Imaginez confier vos données les plus sensibles à un géant du cloud, convaincu qu’elles sont protégées en Europe… Et si on vous disait que Microsoft vient d’admettre, sous serment, qu’elles pouvaient être transmises aux autorités américaines sans votre consentement ? Découvrez la vérité qui secoue l’industrie !
Microsoft : vos données peuvent finir entre les mains du gouvernement américain
Lors d’une audition au Sénat français en juin 2025, Microsoft a reconnu, sous serment, qu’elle ne pouvait pas garantir la protection des données européennes contre les demandes des autorités américaines.
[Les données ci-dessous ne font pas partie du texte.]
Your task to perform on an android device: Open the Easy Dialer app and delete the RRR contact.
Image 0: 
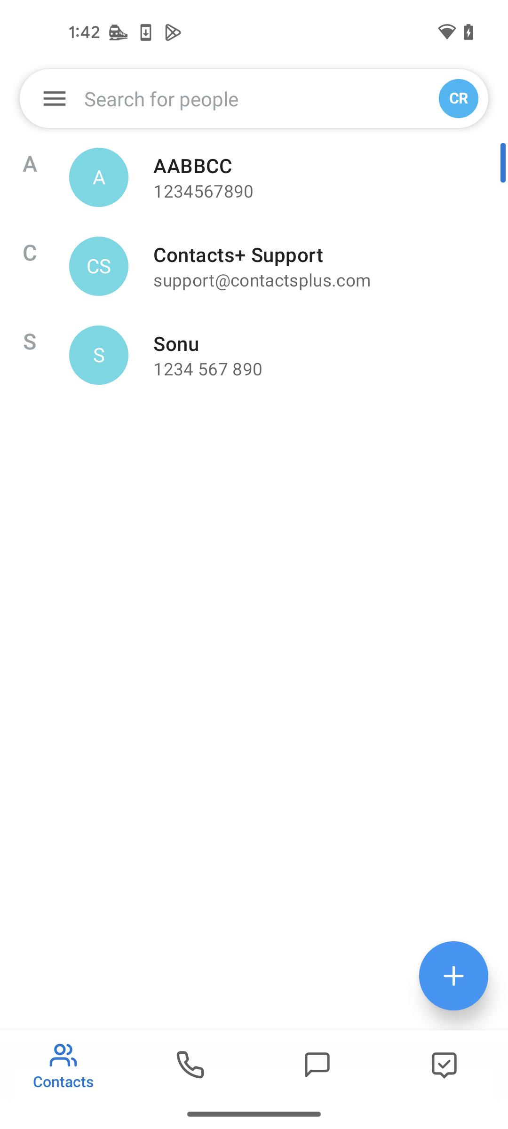
Open the Easy Dialer app
Step 0: open app "Easy Dialer"
Image 1: 
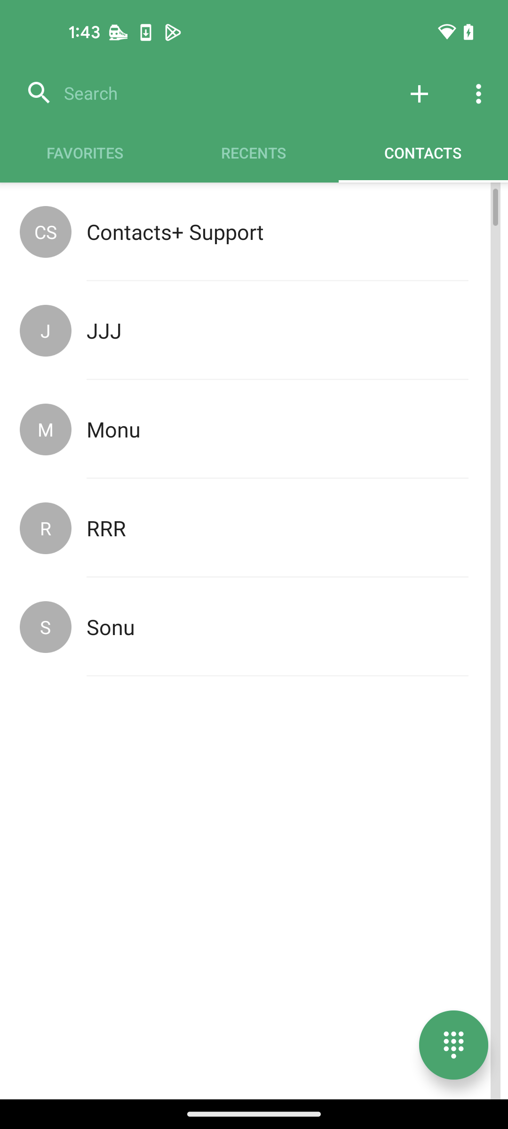
Click on the RRR contact
Step 1: click (254, 528)
Image 2: 
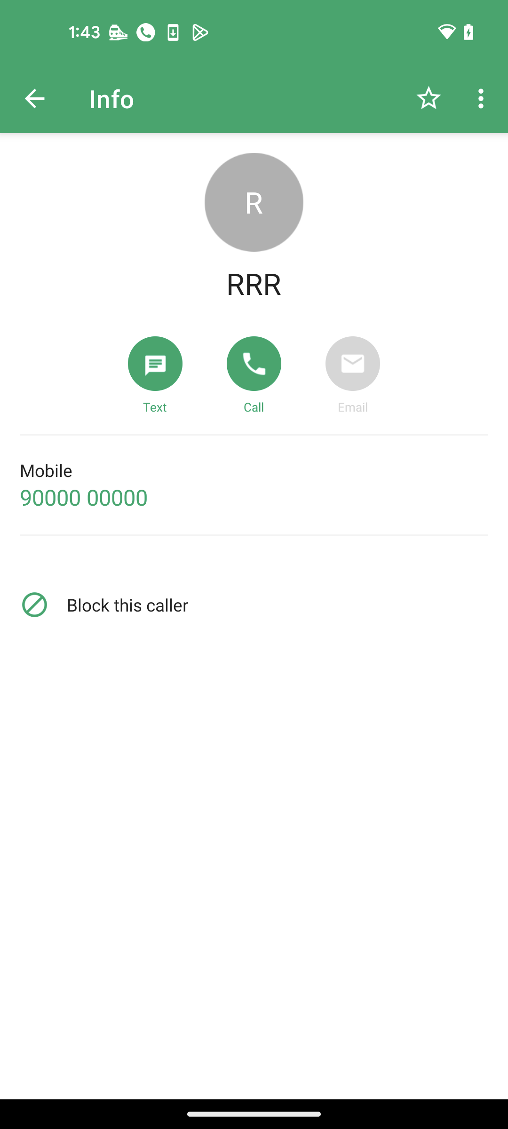
Click on three dots at the top right corner
Step 2: click (483, 98)
Image 3: 
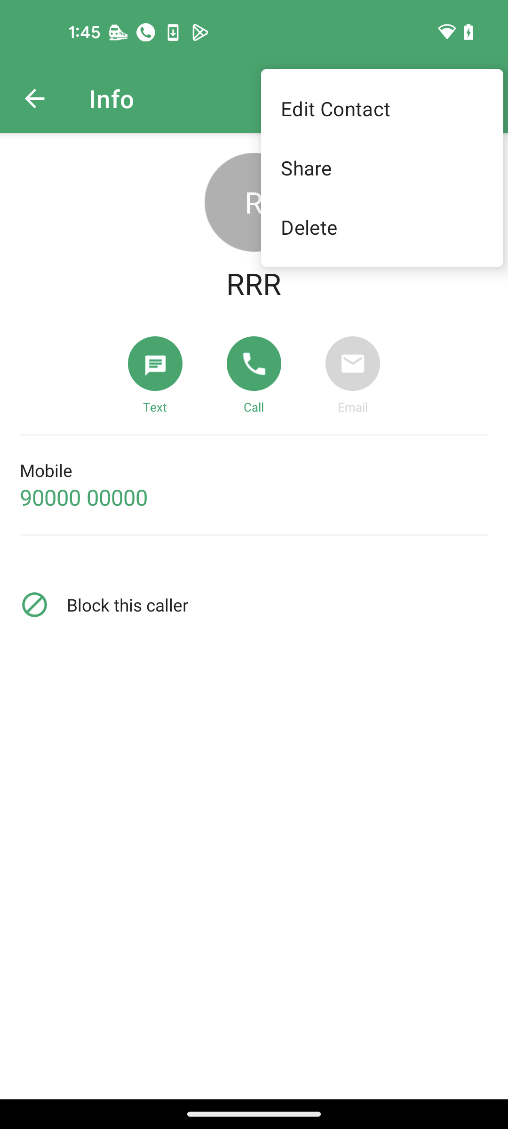
Click on the Delete option
Step 3: click (382, 227)
Image 4: 
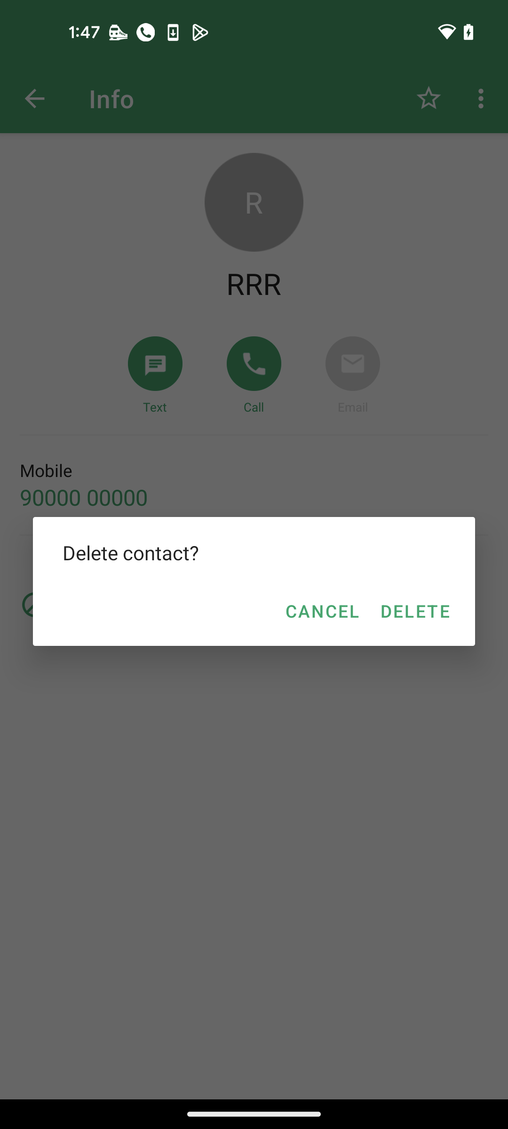
Click on the delete button
Step 4: click (414, 611)
Image 5: 
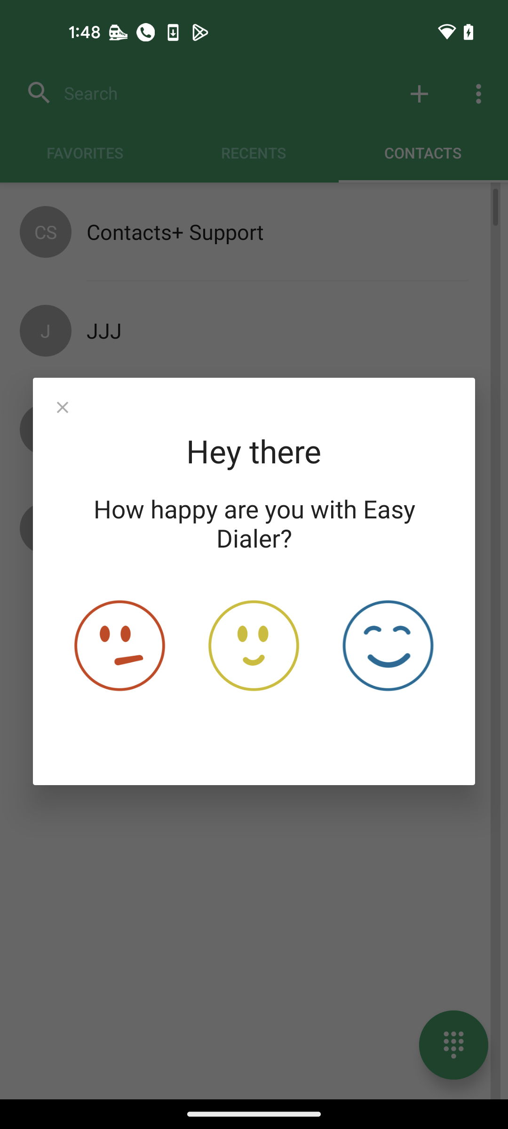
Close the Popup
Step 5: click (63, 407)

Cet aveu met en lumière un dilemme majeur pour les utilisateurs européens des services cloud de l’entreprise. Alors que la firme investit massivement dans des infrastructures locales, les lois américaines, telles que le Patriot Act et le Cloud Act, continuent de poser de sérieux obstacles à la souveraineté numérique.
Microsoft face aux exigences légales américaines
La question de la protection des données européennes a été abordée de manière décisive lors de l’audition de Anton Carniaux, directeur juridique de Microsoft France. Lorsque interrogé sous serment par le sénateur Dany Wattebled sur la possibilité de garantir que les données des citoyens français ne seraient jamais partagées sans l’accord des autorités françaises, Carniaux a répondu sans ambiguïté : « Non, je ne peux pas le garantir ». Il a précisé que même si les demandes d’informations des autorités américaines étaient jugées non fondées, l'entreprise américaine ne pourrait pas les ignorer. En d’autres termes, les données européennes, même stockées sur des serveurs en Europe, peuvent potentiellement être transmises aux autorités américaines en vertu des lois de leur pays.
Cette situation est rendue possible par des législations comme le Cloud Act, qui impose aux entreprises américaines, y compris Microsoft, de coopérer avec les autorités américaines en matière de sécurité nationale et de renseignement. Même dans le cadre d’un service cloud localisé en Europe, ces lois prévoient qu'elle pourrait être contraint de transmettre des données à la demande du gouvernement des États-Unis.
🚨ALERTE INFO
Un responsable de Microsoft France a reconnu qu’il n’est pas possible de garantir que les données des citoyens français ne seront jamais transmises à des autorités/agences étrangères sans l’accord préalable des autorités françaises. pic.twitter.com/uydBQqrJQO
— Tribune Populaire🌐 (@TribunePop23) July 15, 2025
Le mirage de la souveraineté numérique européenne
Microsoft, ainsi que d'autres entreprises américaines, ont longtemps présenté leurs solutions cloud en Europe comme un moyen de répondre aux préoccupations de souveraineté numérique. Cependant, l’aveu de Microsoft remet en question cette promesse. En effet, malgré des infrastructures locales et des engagements en faveur de la protection des données, la réalité juridique impose des limites claires : les lois américaines s’appliquent à toutes les filiales, y compris celles installées en Europe.
L’aveu de Carniaux contredit également les déclarations rassurantes de Brad Smith, le président de Microsoft, qui avait affirmé en 2024 que l'entreprise s'opposerait au gouvernement américain si celui-ci cherchait à interférer avec les données des clients européens. Ce changement de position renforce les inquiétudes concernant la transparence de ses pratiques et la protection des données sensibles, notamment pour des institutions internationales comme la Cour pénale internationale (CPI), qui a déjà été confrontée à ce type de pression juridique.
En fin de compte, bien que Microsoft fasse des efforts pour se conformer aux normes européennes en matière de protection des données, cette situation soulève la question de l'urgence pour l’Europe de développer ses propres solutions cloud souveraines. Ce défi ne concerne pas seulement Microsoft, mais tous les géants américains du secteur, comme Amazon Web Services et Google Cloud, qui se trouvent également dans une situation juridique similaire.